Un musicien discret, donc. Et pourtant... Peu enclin à se laisser guider par les diktats des modes, ce compositeur, arrangeur, producteur, instrumentiste, ingénieur du son, est un artiste à tout faire, on aurait presque envie de le qualifier d’artisan, bardé de références qui ne peuvent que susciter la curiosité des épicuriens de la chose musicale dont je pense faire partie. Surtout que Manuel Bienvenu, ici entouré d’une fine équipe pleinement associée à la réussite d’un album ambitieux, nous invite à pénétrer un monde sonore finement ciselé, à la finition soignée plus proche de la haute-couture musicale que du prêt-à-jouer – au point qu’on a du mal à le dater tant ses textures élégantes et ses arrangements précieux, incluant cordes, vibraphone et instruments à vent, semblent n’appartenir à aucune époque – dont les charmes sont insidieux (en ce qu’ils opèrent presque malgré vous) et dont les inspirateurs ne sauraient être unis sans difficulté dans une même catégorie. Si Steely Dan, Brian Wilson (Beach Boys) ou JJ Cale sont volontiers cités – on peut trouver pire, n’est-ce pas ? – il est plus surprenant de deviner en arrière-plan la force suggestive de musiciens (ou groupes) tels que Robert Wyatt (ici par exemple sur la composition intitulée « Polarised », au minimalisme susurré qui ressemble à s’y méprendre à un hommage appuyé),  National Health (un groupe qu’on n’en finit pas de découvrir et dont l’ADN Canterbury marque de son empreinte le surprenant « Capital Crowns »), Brian Eno (« Shoegrease » et sa suspension flottante, un peu irréelle, qui nous fait attendre le surgissement de la guitare lancinante de Robert Fripp en provenance d’« Evening Star »)... On pourrait aussi citer « Seventeen », une reprise de Michael Mantler, dont la métrique obsédante évoque de loin le « Blue Rondo A La Truk » de Dave Brubeck, histoire de marquer une fois encore le refus des étiquettes... Quant à « Café Gitane », dont le texte écrit par Stéphane Rosière est dit par l’auteur en personne, allez savoir pourquoi mais... son talk-over de ses presque neuf minutes, qui tranche assez fortement dans l’ensemble, peut facilement renvoyer au « Film » de Pierre Vassiliu, par sa forme cinématographique, avec son scénario, son histoire en forme de tranche de vie erratique soulignée par une rythmique répétitive et obsédante.

Manuel Bienvenu est un amoureux de la chose bien faite : on n’avale pas sa musique d’un trait, parce qu’elle est plutôt de celles dont on scrute d’abord les transparences et les reflets nombreux pour mieux en goûter les subtilités.

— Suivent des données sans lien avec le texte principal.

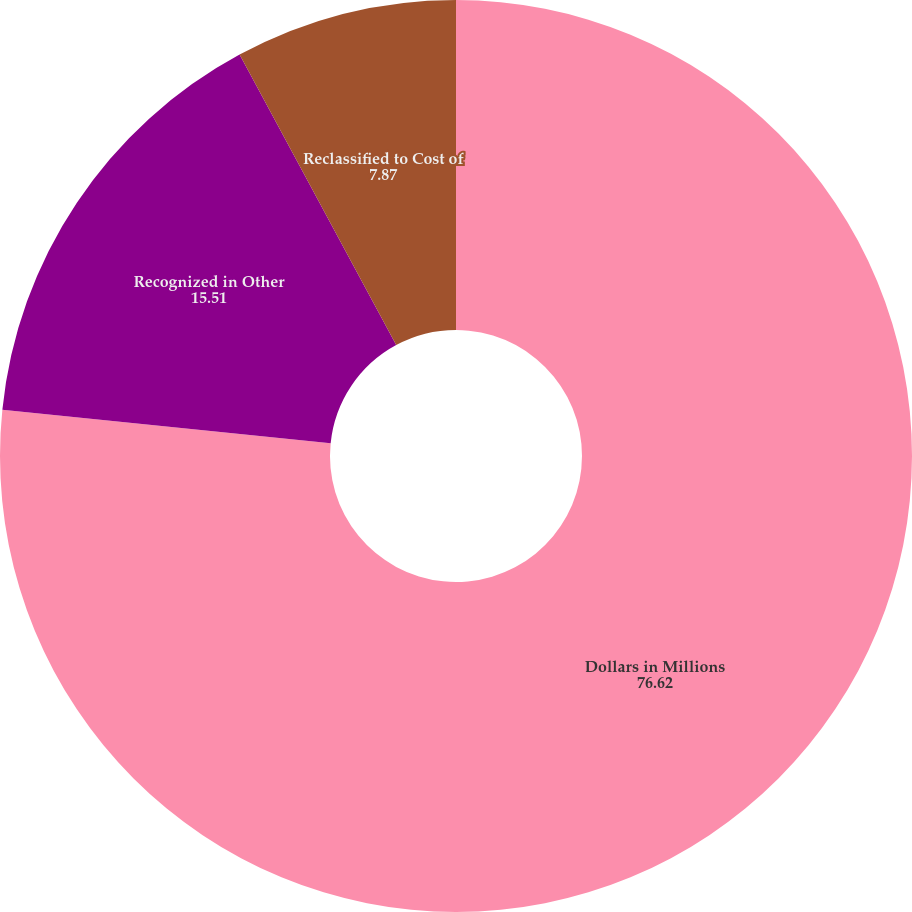Convert chart. <chart><loc_0><loc_0><loc_500><loc_500><pie_chart><fcel>Dollars in Millions<fcel>Recognized in Other<fcel>Reclassified to Cost of<nl><fcel>76.62%<fcel>15.51%<fcel>7.87%<nl></chart> 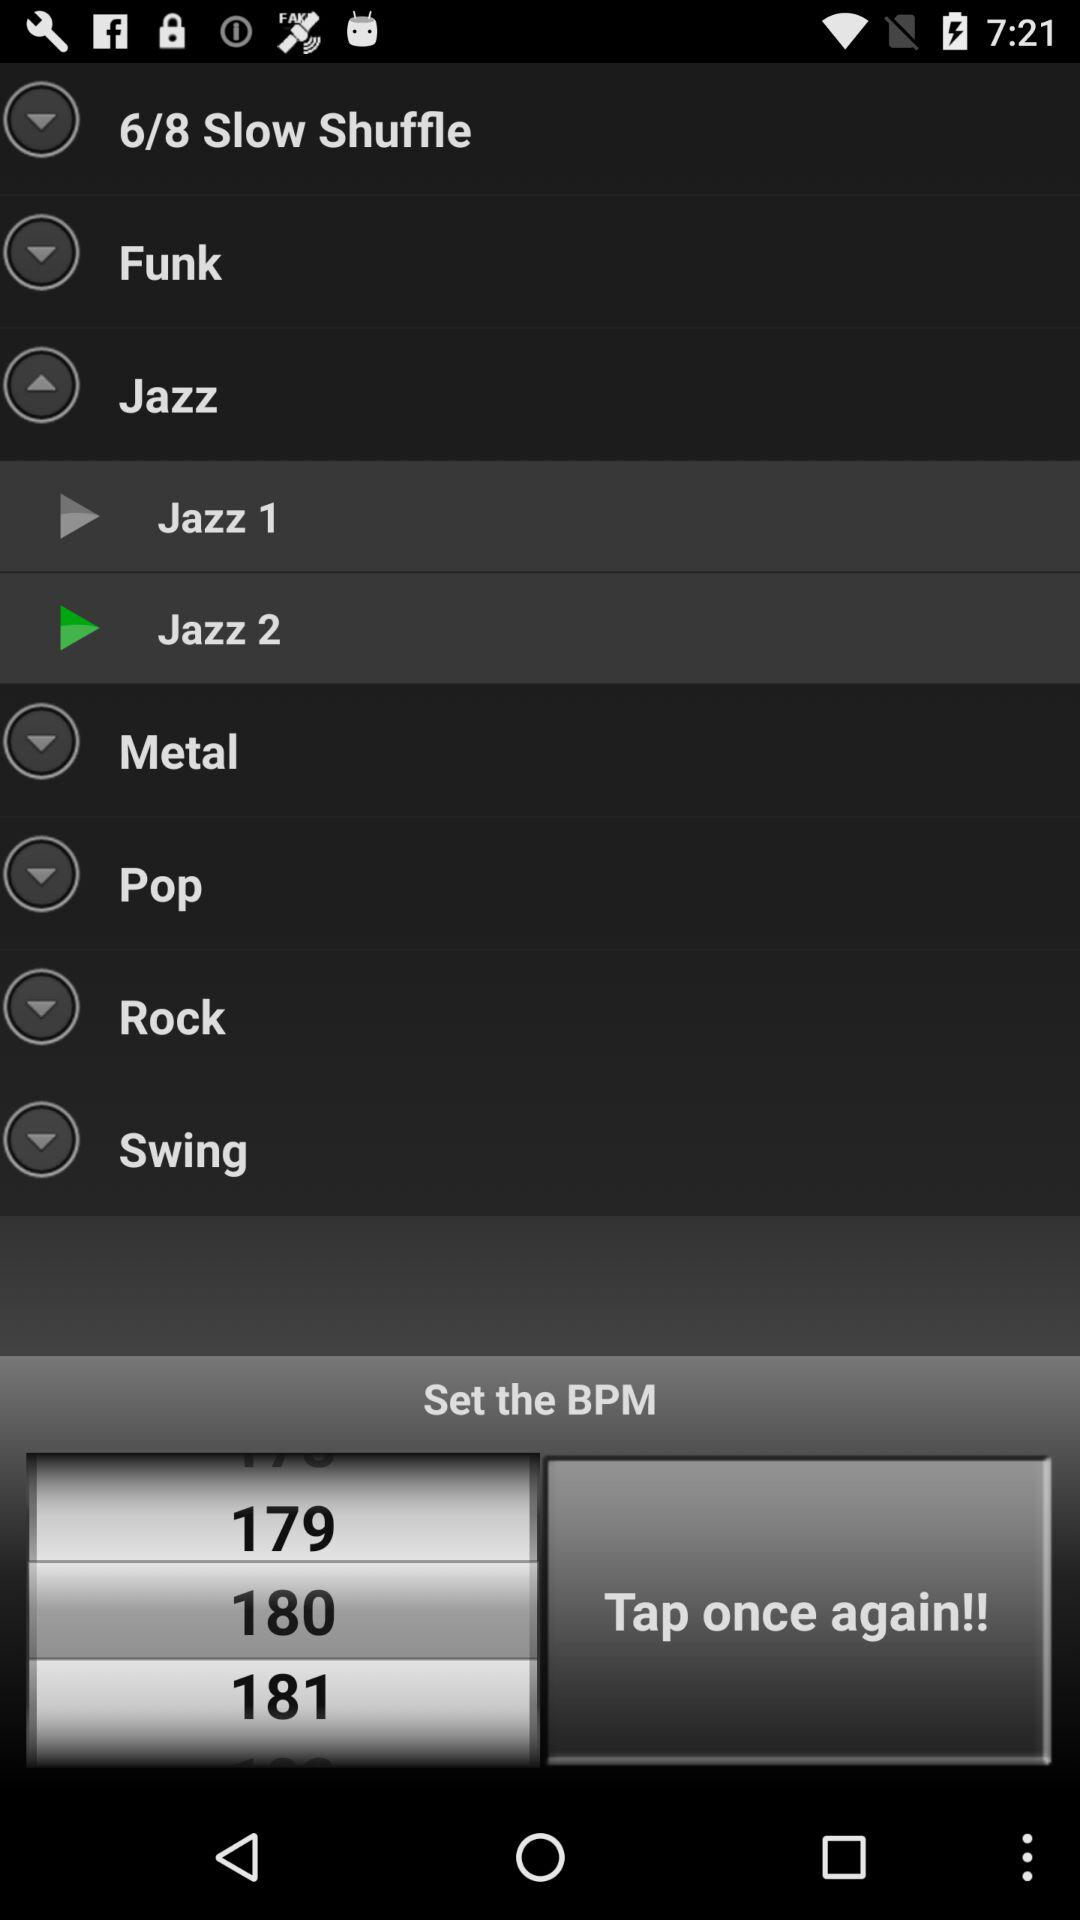What is the total number of slow shuffle? The total number of slow shuffle is 8.

Il est un musicien qui compose la plupart du temps au piano, laissant en réalité peu de place aux interventions solistes, et sait instaurer en toute fluidité une succession de climats dont l’assemblage n’est jamais hétéroclite, malgré une évidente diversité d’influences. L’ensemble ainsi composé – comme on le dirait d’un bouquet – finit par devenir l’expression d’une fusion au sens le plus noble du terme. Cette « progressive pop » au grain soyeux est envoûtante, qu’on se le dise ! Précieuse et volontiers minimaliste dans sa forme, sans effets de manches ni rodomontades virtuoses, elle se veut accessible à toutes les oreilles. Ce qu’elle est, sans nul doute. Peut-être est-elle trop distinguée, énigmatique parfois, quand elle n'est pas elliptique, pour se répandre massivement auprès d’un public trop souvent habitué à s'injecter sans réfléchir sa dose de junk music de la transpiration alcoolisée. Telle sera probablement sa limite...

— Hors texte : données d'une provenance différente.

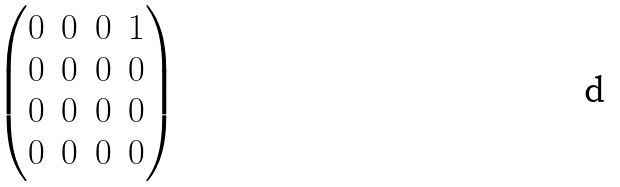Convert formula to latex. <formula><loc_0><loc_0><loc_500><loc_500>\begin{pmatrix} 0 & 0 & 0 & 1 \\ 0 & 0 & 0 & 0 \\ 0 & 0 & 0 & 0 \\ 0 & 0 & 0 & 0 \\ \end{pmatrix}</formula> 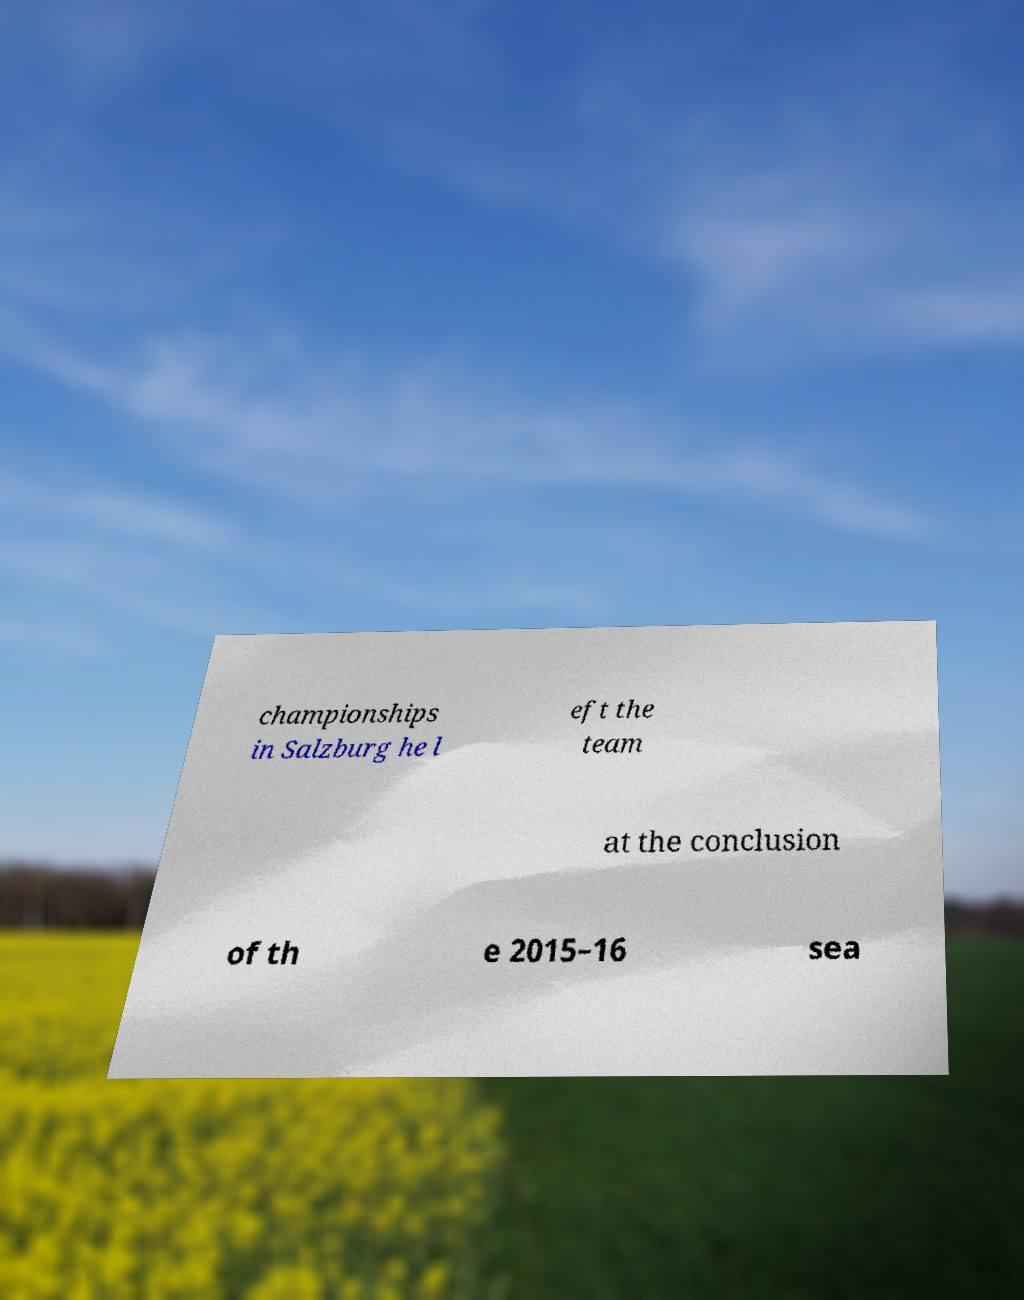Please read and relay the text visible in this image. What does it say? championships in Salzburg he l eft the team at the conclusion of th e 2015–16 sea

Nul n’en voudra toutefois à Manuel Bienvenu d’être trop respectueux des autres – nous tous, donc – pour leur infliger autre chose que ce qu’il demeure au plus profond de lui-même : un créateur d’élégances.

Manuel Bienvenu : Amanuma

Manuel Bienvenu : instruments divers, voix, musique & textes ;
Avec :
Thierry Chompré (batterie),  Jean-Michel Pirès (batterie), Benoît Burello (basse, voix), Masayuki Ishii (guitare électrique), Manuel Decocq (violon, voix), Colin Ozanne (clarinette, saxophone), Paul-Marie Barbier (vibraphone), Charlie O. (orgue Hammond), Yann Louineau (guitare acoustique 12 cordes), Albain Lutaud (voix), Stéphane Rosière (texte et lecture), Christophe Henin (voix, prise de son, mixage), Mathieu Marietti (prise de son), David Krutten (prise de son).